On the plus side, Canon t5i still produces quite a lovely image and is not bad in low light performance if coupled with a faster lens like the Canon EF 50 mm f/1.8. Its downsides are the weak h264 codec that breaks the image apart easily when grading. That’s why I highly recommend to set the image in camera that is as close to the final result as possible. Recommended settings are:

Neutral Color Profile – Sharpness: 0, Contrast: -4, Saturation: -2, Color Tone: 0

I’d suggest to use Magic Lantern firmware as well with this camera to get the advanced video features such as zebras, histogram, better color temperature control, timelapse etc.
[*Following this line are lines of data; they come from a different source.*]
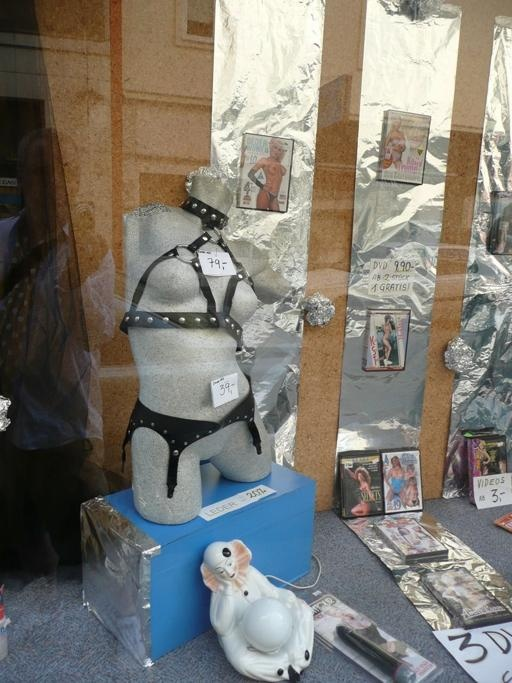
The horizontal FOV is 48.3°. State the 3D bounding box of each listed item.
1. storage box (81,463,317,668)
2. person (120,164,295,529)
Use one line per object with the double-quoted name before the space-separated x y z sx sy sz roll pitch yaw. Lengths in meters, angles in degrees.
"storage box" -0.206 0.559 1.510 0.671 0.356 0.321 -14 23 -41
"person" -0.156 0.003 1.450 0.264 0.834 0.394 15 18 37
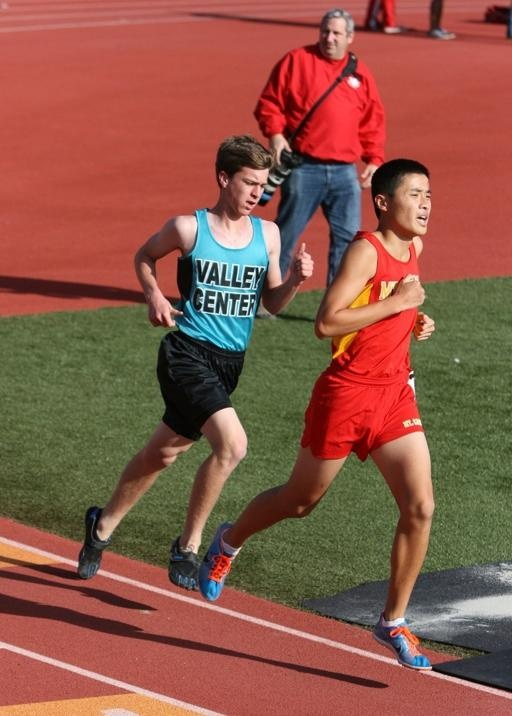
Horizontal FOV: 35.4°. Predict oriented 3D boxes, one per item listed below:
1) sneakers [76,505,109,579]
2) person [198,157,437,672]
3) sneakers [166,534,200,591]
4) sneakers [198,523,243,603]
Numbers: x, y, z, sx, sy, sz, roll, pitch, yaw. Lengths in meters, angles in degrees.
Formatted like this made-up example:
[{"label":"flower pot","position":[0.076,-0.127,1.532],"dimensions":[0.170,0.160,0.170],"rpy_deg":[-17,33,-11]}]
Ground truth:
[{"label":"sneakers","position":[-0.628,0.734,3.202],"dimensions":[0.114,0.283,0.136],"rpy_deg":[8,3,-38]},{"label":"person","position":[0.352,0.193,2.677],"dimensions":[0.857,1.683,0.458],"rpy_deg":[16,16,40]},{"label":"sneakers","position":[-0.258,0.755,2.987],"dimensions":[0.089,0.093,0.225],"rpy_deg":[12,32,-36]},{"label":"sneakers","position":[-0.104,0.779,3.005],"dimensions":[0.121,0.304,0.143],"rpy_deg":[28,-23,-20]}]
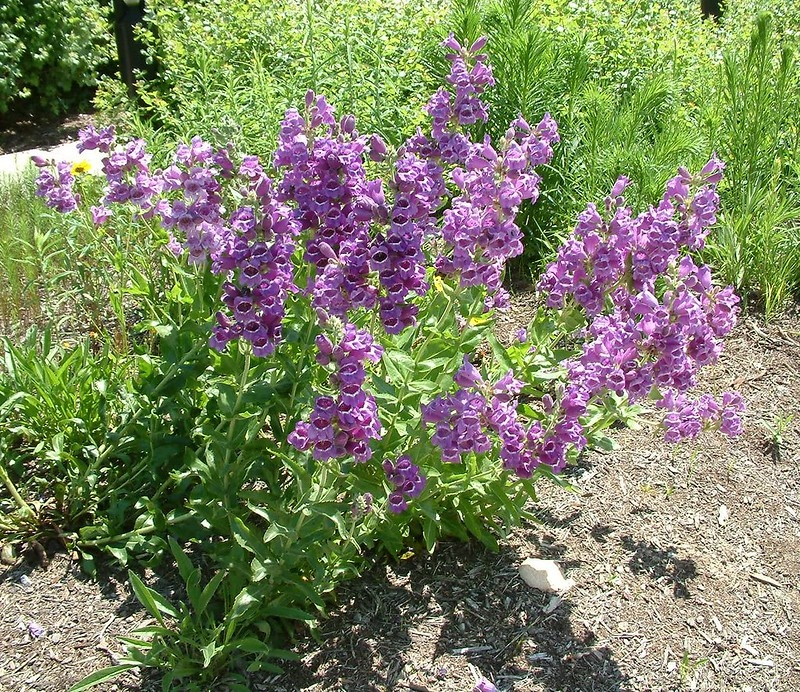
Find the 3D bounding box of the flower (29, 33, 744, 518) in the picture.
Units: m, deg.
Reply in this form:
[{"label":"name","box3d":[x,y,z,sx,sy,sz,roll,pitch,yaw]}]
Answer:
[{"label":"flower","box3d":[0.116,-0.273,3.081,1.722,1.115,2.319,5,39,-7]}]
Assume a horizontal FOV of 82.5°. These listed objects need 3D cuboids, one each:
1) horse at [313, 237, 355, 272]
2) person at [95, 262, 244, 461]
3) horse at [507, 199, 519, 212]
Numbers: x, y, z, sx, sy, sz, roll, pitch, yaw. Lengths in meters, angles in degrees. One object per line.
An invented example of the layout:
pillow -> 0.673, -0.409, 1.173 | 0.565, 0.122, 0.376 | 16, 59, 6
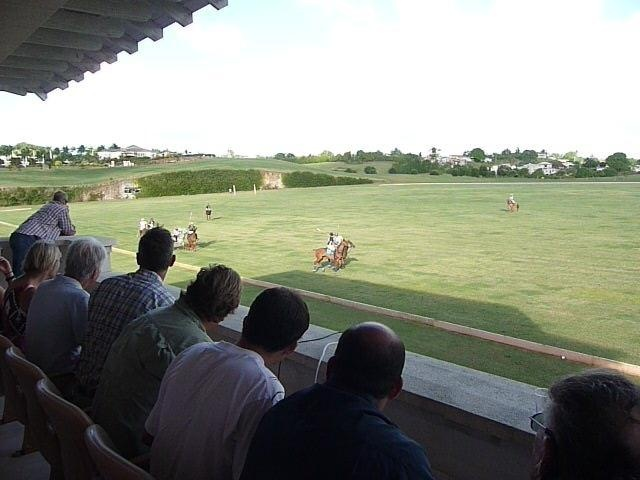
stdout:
horse -> 0.584, 0.523, 16.751 | 1.567, 1.651, 1.874 | 0, 10, 0
person -> -1.037, 1.077, 2.870 | 1.122, 1.707, 0.769 | 8, 14, -31
horse -> 19.727, -3.576, 37.096 | 0.987, 1.364, 2.195 | 5, 11, 24
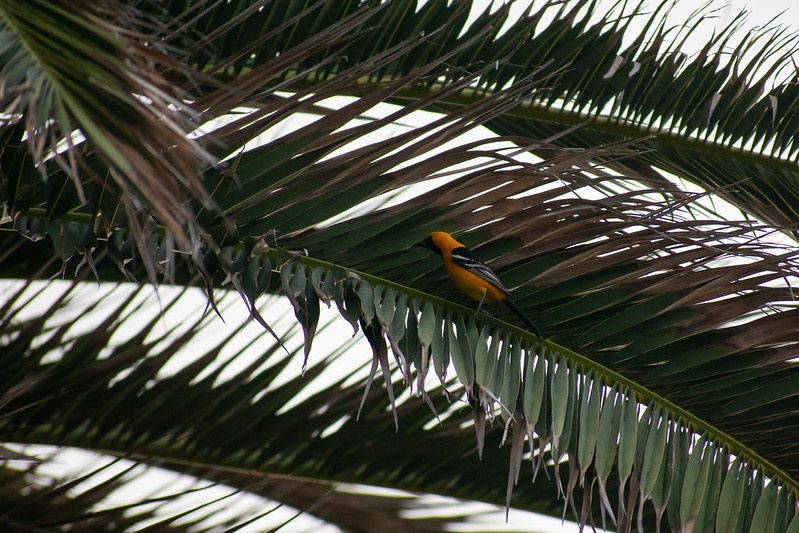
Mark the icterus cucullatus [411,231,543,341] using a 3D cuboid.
[{"bbox_3d":[0.387,0.072,8.494,0.724,0.358,0.201,19,-38,-24],"label":"icterus cucullatus"}]
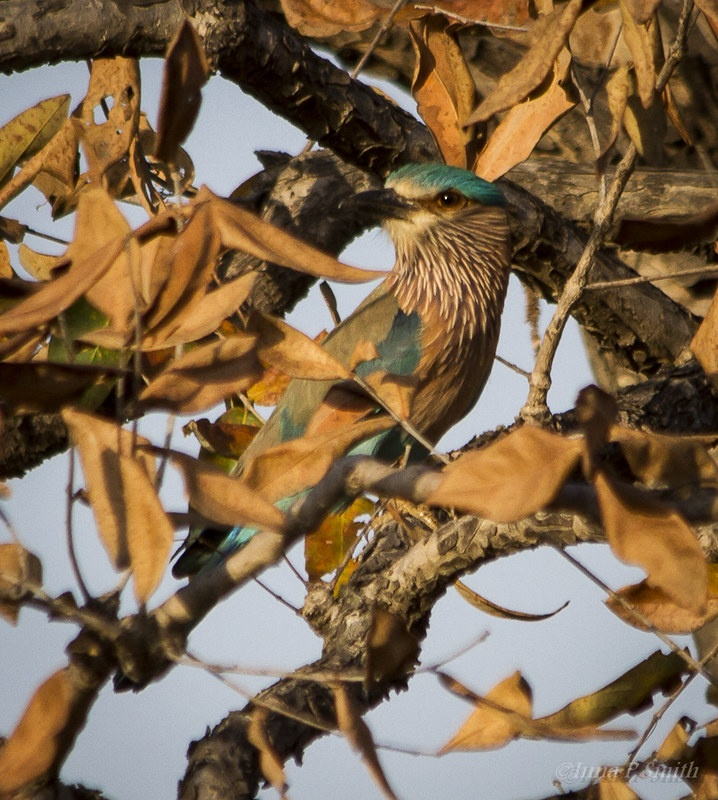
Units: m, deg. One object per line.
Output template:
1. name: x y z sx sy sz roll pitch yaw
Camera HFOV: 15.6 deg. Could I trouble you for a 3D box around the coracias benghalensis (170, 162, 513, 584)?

It only records around 12 minutes continuously, so out of the box it’s not suitable to record longer pieces with it, but when using Magic Lantern firmware you can use its auto restart function which will restart recording automatically after a short break of a few seconds.

Affiliate link – Canon EOS Rebel t5i

Panasonic Lumix LX100 ($798)


Often regarded as Swiss army knife of video, the LX100 is a tiny camera that packs a bunch of amazing features:

  • Internal 4K video
  • 4/3 inch sensor with 16 megapixels of roughly the same quality as the expensive Panasonic GH4
  • a nice Leica DC Vario-Summilux f/1.7-2.8 10,9-34mm zoom lens
  • Eye-level electronic viewfinder alongside the back LCD screen
  • Timelapse function, Wi-Fi connectivity, included external flash etc.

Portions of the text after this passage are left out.